Task material
******************************
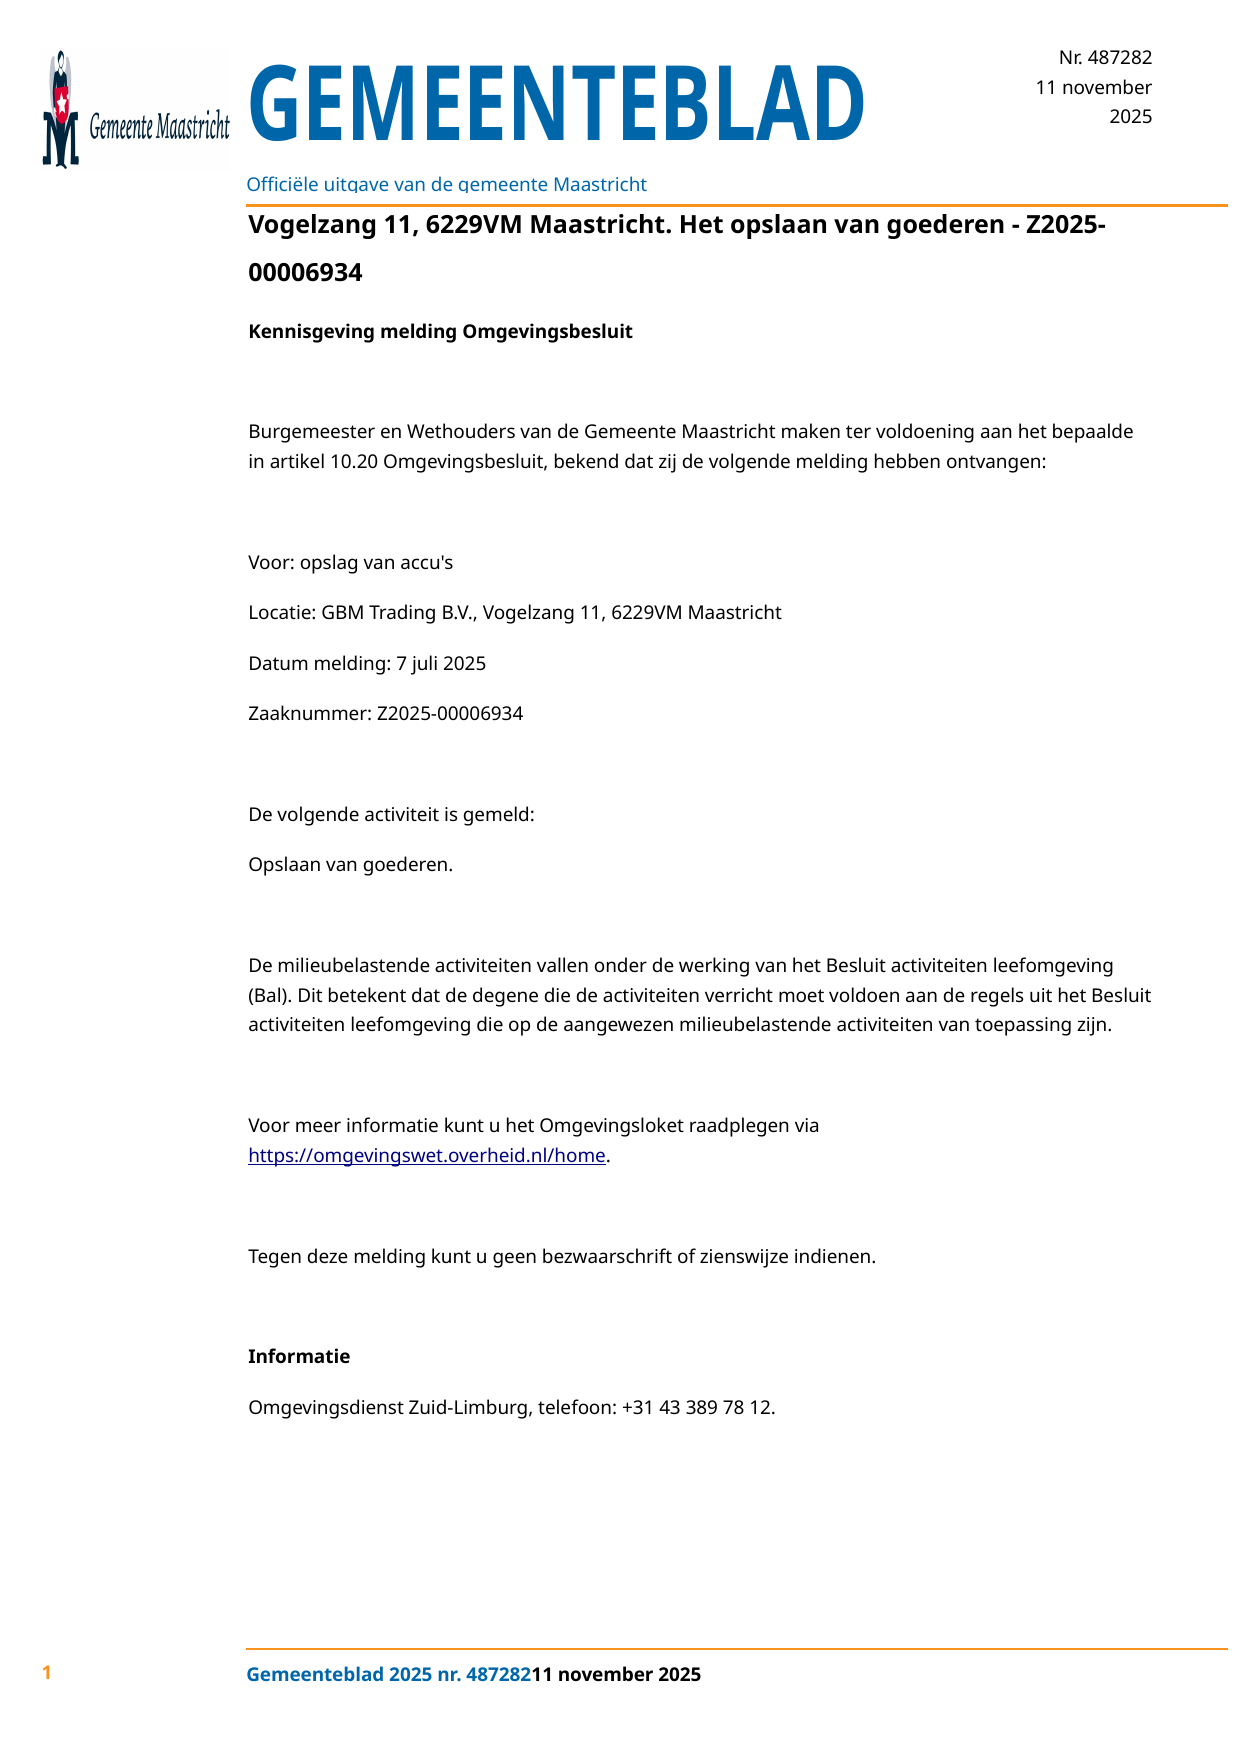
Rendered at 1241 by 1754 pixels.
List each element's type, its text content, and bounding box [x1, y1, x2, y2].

text Locatie: GBM Trading B.V., Vogelzang 11, 6229VM Maastricht [248, 599, 1152, 625]
text De milieubelastende activiteiten vallen onder de werking van het Besluit activiteiten leefomgeving (Bal). Dit betekent dat de degene die de activiteiten verricht moet voldoen aan de regels uit het Besluit activiteiten leefomgeving die op de aangewezen milieubelastende activiteiten van toepassing zijn. [248, 952, 1152, 1037]
text Kennisgeving melding Omgevingsbesluit [248, 318, 1152, 344]
text Vogelzang 11, 6229VM Maastricht. Het opslaan van goederen - Z2025-00006934 [248, 207, 1152, 288]
text Tegen deze melding kunt u geen bezwaarschrift of zienswijze indienen. [248, 1243, 1152, 1269]
text Voor: opslag van accu's [248, 549, 1152, 575]
text Datum melding: 7 juli 2025 [248, 650, 1152, 676]
text Omgevingsdienst Zuid-Limburg, telefoon: +31 43 389 78 12. [248, 1394, 1152, 1420]
text Opslaan van goederen. [248, 852, 1152, 877]
text Burgemeester en Wethouders van de Gemeente Maastricht maken ter voldoening aan het bepaalde in artikel 10.20 Omgevingsbesluit, bekend dat zij de volgende melding hebben ontvangen: [248, 419, 1152, 474]
text Zaaknummer: Z2025-00006934 [248, 700, 1152, 726]
text De volgende activiteit is gemeld: [248, 801, 1152, 827]
text Voor meer informatie kunt u het Omgevingsloket raadplegen via https://omgevingswet.overheid.nl/home. [248, 1112, 1152, 1168]
picture [41, 47, 231, 172]
text Informatie [248, 1344, 1152, 1369]
******************************
Leave the pictures out and set down the rest of the listing above exactly.

Answer for this exercise
Rendered at 1241 by 1754 pixels.
List each element's type, its text content, and bounding box [x1, y1, x2, y2].

text Locatie: GBM Trading B.V., Vogelzang 11, 6229VM Maastricht [248, 599, 1152, 625]
text De milieubelastende activiteiten vallen onder de werking van het Besluit activiteiten leefomgeving (Bal). Dit betekent dat de degene die de activiteiten verricht moet voldoen aan de regels uit het Besluit activiteiten leefomgeving die op de aangewezen milieubelastende activiteiten van toepassing zijn. [248, 952, 1152, 1037]
text Kennisgeving melding Omgevingsbesluit [248, 318, 1152, 344]
text Vogelzang 11, 6229VM Maastricht. Het opslaan van goederen - Z2025-00006934 [248, 207, 1152, 288]
text Tegen deze melding kunt u geen bezwaarschrift of zienswijze indienen. [248, 1243, 1152, 1269]
text Voor: opslag van accu's [248, 549, 1152, 575]
text Datum melding: 7 juli 2025 [248, 650, 1152, 676]
text Omgevingsdienst Zuid-Limburg, telefoon: +31 43 389 78 12. [248, 1394, 1152, 1420]
text Opslaan van goederen. [248, 852, 1152, 877]
text Burgemeester en Wethouders van de Gemeente Maastricht maken ter voldoening aan het bepaalde in artikel 10.20 Omgevingsbesluit, bekend dat zij de volgende melding hebben ontvangen: [248, 419, 1152, 474]
text Zaaknummer: Z2025-00006934 [248, 700, 1152, 726]
text De volgende activiteit is gemeld: [248, 801, 1152, 827]
text Voor meer informatie kunt u het Omgevingsloket raadplegen via https://omgevingswet.overheid.nl/home. [248, 1112, 1152, 1168]
picture [41, 47, 231, 172]
text Informatie [248, 1344, 1152, 1369]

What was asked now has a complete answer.